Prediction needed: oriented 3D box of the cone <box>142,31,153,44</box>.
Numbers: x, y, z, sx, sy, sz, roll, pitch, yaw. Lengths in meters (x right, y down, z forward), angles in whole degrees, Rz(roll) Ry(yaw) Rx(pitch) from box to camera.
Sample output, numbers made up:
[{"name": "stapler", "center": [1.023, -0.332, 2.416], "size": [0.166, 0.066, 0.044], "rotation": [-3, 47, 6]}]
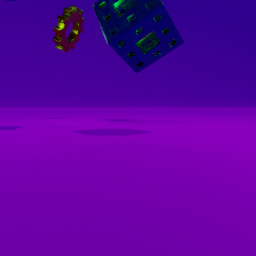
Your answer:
[{"name": "cone", "center": [0.198, -3.372, 9.940], "size": [1.683, 1.676, 1.676], "rotation": [50, 29, 21]}]

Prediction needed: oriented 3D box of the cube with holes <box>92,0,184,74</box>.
[{"name": "cube with holes", "center": [0.189, -1.869, 5.030], "size": [1.041, 1.041, 1.041], "rotation": [-30, -30, 17]}]

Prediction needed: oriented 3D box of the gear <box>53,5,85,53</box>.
[{"name": "gear", "center": [-2.307, -3.877, 11.023], "size": [0.324, 1.751, 1.751], "rotation": [26, 10, 10]}]
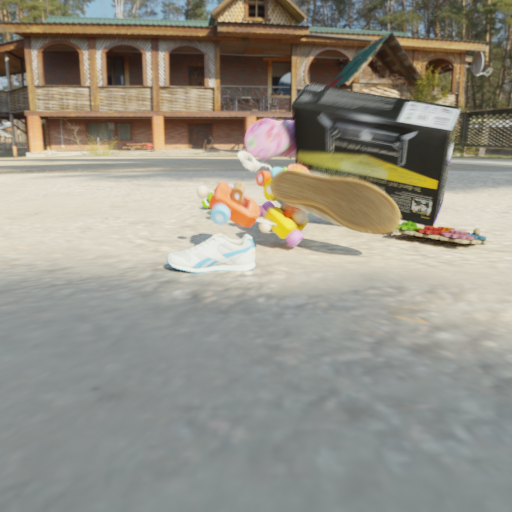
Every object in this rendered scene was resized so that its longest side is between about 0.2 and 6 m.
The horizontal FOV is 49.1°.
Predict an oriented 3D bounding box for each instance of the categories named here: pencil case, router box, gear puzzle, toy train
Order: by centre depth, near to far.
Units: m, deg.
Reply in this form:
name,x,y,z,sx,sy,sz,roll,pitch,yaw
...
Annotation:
name,x,y,z,sx,sy,sz,roll,pitch,yaw
toy train,0.187,-1.304,10.708,2.131,0.789,2.837,32,34,-8
gear puzzle,3.492,-0.563,11.525,1.193,0.302,2.304,-1,10,-44
router box,2.384,-2.070,11.665,3.164,2.488,0.826,16,52,21
pencil case,0.540,-2.629,12.672,0.929,0.929,2.125,5,12,22

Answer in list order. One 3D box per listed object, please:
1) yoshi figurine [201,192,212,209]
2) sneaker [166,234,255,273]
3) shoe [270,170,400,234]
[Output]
name,x,y,z,sx,sy,sz,roll,pitch,yaw
yoshi figurine,-0.943,-1.619,15.897,1.203,0.673,0.676,-11,23,-30
sneaker,-0.735,-0.054,9.093,1.436,0.580,0.549,-3,15,-8
shoe,1.405,-0.988,9.785,2.376,0.831,0.634,22,6,24
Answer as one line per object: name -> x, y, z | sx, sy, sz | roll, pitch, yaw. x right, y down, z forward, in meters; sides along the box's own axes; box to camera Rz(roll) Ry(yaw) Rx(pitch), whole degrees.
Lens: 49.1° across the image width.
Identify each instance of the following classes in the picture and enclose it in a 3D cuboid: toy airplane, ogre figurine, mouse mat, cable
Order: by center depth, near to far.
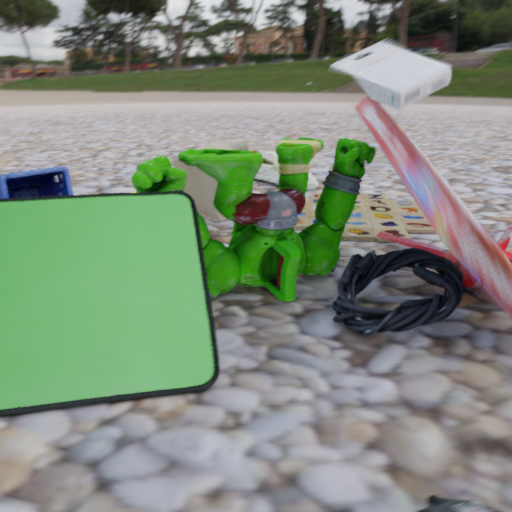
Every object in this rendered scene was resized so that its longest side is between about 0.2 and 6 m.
mouse mat -> -2.125, 0.388, 6.059 | 3.233, 0.122, 2.602 | -4, 60, -13
cable -> 1.851, 0.508, 7.377 | 1.617, 0.504, 1.982 | 7, 29, 21
ogre figurine -> 0.082, -0.538, 8.117 | 1.738, 2.124, 3.542 | 16, 25, 42
toy airplane -> 3.519, 0.042, 8.817 | 3.122, 0.574, 3.122 | 1, 20, -1

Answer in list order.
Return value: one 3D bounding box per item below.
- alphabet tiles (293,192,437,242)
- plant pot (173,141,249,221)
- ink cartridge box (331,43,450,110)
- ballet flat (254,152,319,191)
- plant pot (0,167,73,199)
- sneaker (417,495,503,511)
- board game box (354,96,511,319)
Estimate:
alphabet tiles -> 2.123, -0.924, 12.321 | 3.160, 0.120, 3.798 | 2, 19, 5
plant pot -> -0.876, -1.499, 10.647 | 1.082, 1.223, 1.221 | 10, 28, 27
ink cartridge box -> 1.630, -2.223, 6.873 | 0.916, 0.285, 1.138 | -31, 45, -24
ballet flat -> 0.591, -2.401, 15.476 | 0.948, 0.948, 2.642 | -17, 26, -40
plant pot -> -4.383, -1.041, 10.961 | 1.310, 1.310, 1.178 | -14, 16, -35
sneaker -> 1.002, 1.915, 3.205 | 2.018, 0.713, 0.986 | -2, 20, -12
board game box -> 2.536, -0.766, 7.656 | 2.121, 0.401, 4.120 | 39, 22, -25

▶ **What you should do**:
Every entry above needs to be copied exactly, and no pictures go with it.

▶ **Response to this task**:
Prediction needed: oriented 3D box of the cone <box>142,31,153,44</box>.
Numbers: x, y, z, sx, sy, sz, roll, pitch, yaw. Lengths in meters (x right, y down, z forward), angles in whole degrees, Rz(roll) Ry(yaw) Rx(pitch) from box to camera.
Sample output, numbers made up:
[{"name": "stapler", "center": [1.023, -0.332, 2.416], "size": [0.166, 0.066, 0.044], "rotation": [-3, 47, 6]}]
Your answer:
[{"name": "cone", "center": [0.198, -3.372, 9.940], "size": [1.683, 1.676, 1.676], "rotation": [50, 29, 21]}]

Prediction needed: oriented 3D box of the cube with holes <box>92,0,184,74</box>.
[{"name": "cube with holes", "center": [0.189, -1.869, 5.030], "size": [1.041, 1.041, 1.041], "rotation": [-30, -30, 17]}]

Prediction needed: oriented 3D box of the gear <box>53,5,85,53</box>.
[{"name": "gear", "center": [-2.307, -3.877, 11.023], "size": [0.324, 1.751, 1.751], "rotation": [26, 10, 10]}]
Every object in this rendered scene was resized so that its longest side is between about 0.2 and 6 m.
The horizontal FOV is 49.1°.
Predict an oriented 3D bounding box for each instance of the categories named here: pencil case, router box, gear puzzle, toy train
Order: by centre depth, near to far.
Units: m, deg.
Reply in this form:
name,x,y,z,sx,sy,sz,roll,pitch,yaw
...
Annotation:
name,x,y,z,sx,sy,sz,roll,pitch,yaw
toy train,0.187,-1.304,10.708,2.131,0.789,2.837,32,34,-8
gear puzzle,3.492,-0.563,11.525,1.193,0.302,2.304,-1,10,-44
router box,2.384,-2.070,11.665,3.164,2.488,0.826,16,52,21
pencil case,0.540,-2.629,12.672,0.929,0.929,2.125,5,12,22

Answer in list order. One 3D box per listed object, please:
1) yoshi figurine [201,192,212,209]
2) sneaker [166,234,255,273]
3) shoe [270,170,400,234]
[Output]
name,x,y,z,sx,sy,sz,roll,pitch,yaw
yoshi figurine,-0.943,-1.619,15.897,1.203,0.673,0.676,-11,23,-30
sneaker,-0.735,-0.054,9.093,1.436,0.580,0.549,-3,15,-8
shoe,1.405,-0.988,9.785,2.376,0.831,0.634,22,6,24
Answer as one line per object: name -> x, y, z | sx, sy, sz | roll, pitch, yaw. x right, y down, z forward, in meters; sides along the box's own axes; box to camera Rz(roll) Ry(yaw) Rx(pitch), whole degrees.
Lens: 49.1° across the image width.
Identify each instance of the following classes in the picture and enclose it in a 3D cuboid: toy airplane, ogre figurine, mouse mat, cable
Order: by center depth, near to far.
Every object in this rendered scene was resized so that its longest side is between about 0.2 and 6 m.
mouse mat -> -2.125, 0.388, 6.059 | 3.233, 0.122, 2.602 | -4, 60, -13
cable -> 1.851, 0.508, 7.377 | 1.617, 0.504, 1.982 | 7, 29, 21
ogre figurine -> 0.082, -0.538, 8.117 | 1.738, 2.124, 3.542 | 16, 25, 42
toy airplane -> 3.519, 0.042, 8.817 | 3.122, 0.574, 3.122 | 1, 20, -1

Answer in list order.
Return value: one 3D bounding box per item below.
- alphabet tiles (293,192,437,242)
- plant pot (173,141,249,221)
- ink cartridge box (331,43,450,110)
- ballet flat (254,152,319,191)
- plant pot (0,167,73,199)
- sneaker (417,495,503,511)
- board game box (354,96,511,319)
Estimate:
alphabet tiles -> 2.123, -0.924, 12.321 | 3.160, 0.120, 3.798 | 2, 19, 5
plant pot -> -0.876, -1.499, 10.647 | 1.082, 1.223, 1.221 | 10, 28, 27
ink cartridge box -> 1.630, -2.223, 6.873 | 0.916, 0.285, 1.138 | -31, 45, -24
ballet flat -> 0.591, -2.401, 15.476 | 0.948, 0.948, 2.642 | -17, 26, -40
plant pot -> -4.383, -1.041, 10.961 | 1.310, 1.310, 1.178 | -14, 16, -35
sneaker -> 1.002, 1.915, 3.205 | 2.018, 0.713, 0.986 | -2, 20, -12
board game box -> 2.536, -0.766, 7.656 | 2.121, 0.401, 4.120 | 39, 22, -25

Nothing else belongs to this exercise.